**Data section:**
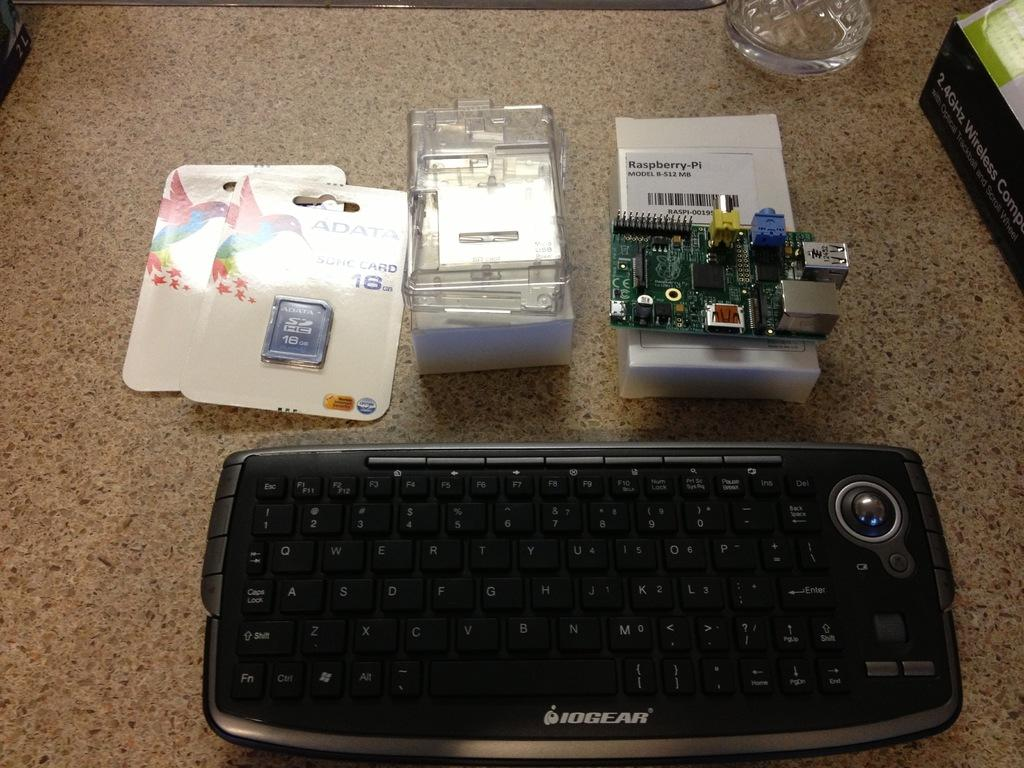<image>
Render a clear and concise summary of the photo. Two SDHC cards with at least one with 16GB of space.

---

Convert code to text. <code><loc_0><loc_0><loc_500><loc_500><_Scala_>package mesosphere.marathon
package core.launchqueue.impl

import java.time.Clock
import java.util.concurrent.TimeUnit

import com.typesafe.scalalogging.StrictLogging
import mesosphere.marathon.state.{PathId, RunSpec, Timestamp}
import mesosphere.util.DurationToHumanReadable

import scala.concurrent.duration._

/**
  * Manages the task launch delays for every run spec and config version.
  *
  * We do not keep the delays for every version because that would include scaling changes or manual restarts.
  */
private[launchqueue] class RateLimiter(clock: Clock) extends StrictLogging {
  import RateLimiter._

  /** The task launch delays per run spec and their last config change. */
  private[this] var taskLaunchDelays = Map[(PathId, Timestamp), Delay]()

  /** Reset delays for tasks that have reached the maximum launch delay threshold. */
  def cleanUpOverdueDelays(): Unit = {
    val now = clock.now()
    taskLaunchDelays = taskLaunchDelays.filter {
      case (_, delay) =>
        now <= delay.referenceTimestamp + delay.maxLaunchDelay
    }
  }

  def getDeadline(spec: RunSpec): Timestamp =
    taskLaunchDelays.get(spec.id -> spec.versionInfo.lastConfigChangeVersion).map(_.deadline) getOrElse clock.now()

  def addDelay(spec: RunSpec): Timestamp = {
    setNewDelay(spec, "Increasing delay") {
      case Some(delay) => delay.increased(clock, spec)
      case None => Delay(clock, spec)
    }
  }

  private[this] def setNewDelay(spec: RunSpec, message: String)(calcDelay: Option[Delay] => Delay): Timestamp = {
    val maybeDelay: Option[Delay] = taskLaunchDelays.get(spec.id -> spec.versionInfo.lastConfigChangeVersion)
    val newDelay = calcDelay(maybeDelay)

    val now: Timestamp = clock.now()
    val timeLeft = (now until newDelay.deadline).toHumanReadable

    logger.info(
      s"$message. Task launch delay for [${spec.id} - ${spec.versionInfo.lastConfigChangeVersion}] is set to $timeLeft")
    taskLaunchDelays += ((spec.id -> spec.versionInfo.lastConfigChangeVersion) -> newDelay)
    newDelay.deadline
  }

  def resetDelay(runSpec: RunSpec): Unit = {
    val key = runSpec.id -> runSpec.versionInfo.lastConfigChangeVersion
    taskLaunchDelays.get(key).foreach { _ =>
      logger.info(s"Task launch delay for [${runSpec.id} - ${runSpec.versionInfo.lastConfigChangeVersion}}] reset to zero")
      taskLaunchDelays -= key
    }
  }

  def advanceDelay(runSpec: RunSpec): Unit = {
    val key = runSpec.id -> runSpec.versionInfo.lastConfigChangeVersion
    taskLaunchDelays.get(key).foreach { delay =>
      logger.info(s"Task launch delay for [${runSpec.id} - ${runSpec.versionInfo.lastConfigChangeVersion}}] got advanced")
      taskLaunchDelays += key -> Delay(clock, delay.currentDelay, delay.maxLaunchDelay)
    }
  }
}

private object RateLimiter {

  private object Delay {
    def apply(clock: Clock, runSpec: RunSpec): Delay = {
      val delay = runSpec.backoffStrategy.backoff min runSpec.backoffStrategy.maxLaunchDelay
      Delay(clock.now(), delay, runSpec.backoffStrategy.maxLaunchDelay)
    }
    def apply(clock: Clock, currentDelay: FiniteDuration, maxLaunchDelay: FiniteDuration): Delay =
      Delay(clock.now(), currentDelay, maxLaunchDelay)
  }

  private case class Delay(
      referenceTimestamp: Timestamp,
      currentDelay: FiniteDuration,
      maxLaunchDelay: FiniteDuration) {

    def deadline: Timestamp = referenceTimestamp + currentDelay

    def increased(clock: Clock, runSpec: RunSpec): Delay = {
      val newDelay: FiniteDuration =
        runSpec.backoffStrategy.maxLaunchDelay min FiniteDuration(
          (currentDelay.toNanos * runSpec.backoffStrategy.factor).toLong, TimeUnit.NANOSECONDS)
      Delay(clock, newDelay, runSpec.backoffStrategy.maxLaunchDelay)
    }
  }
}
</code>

**Exercise directions:** Select all lines in the listing above where the word "foreach" appears, and show them.

**Response:**
    taskLaunchDelays.get(key).foreach { _ =>
    taskLaunchDelays.get(key).foreach { delay =>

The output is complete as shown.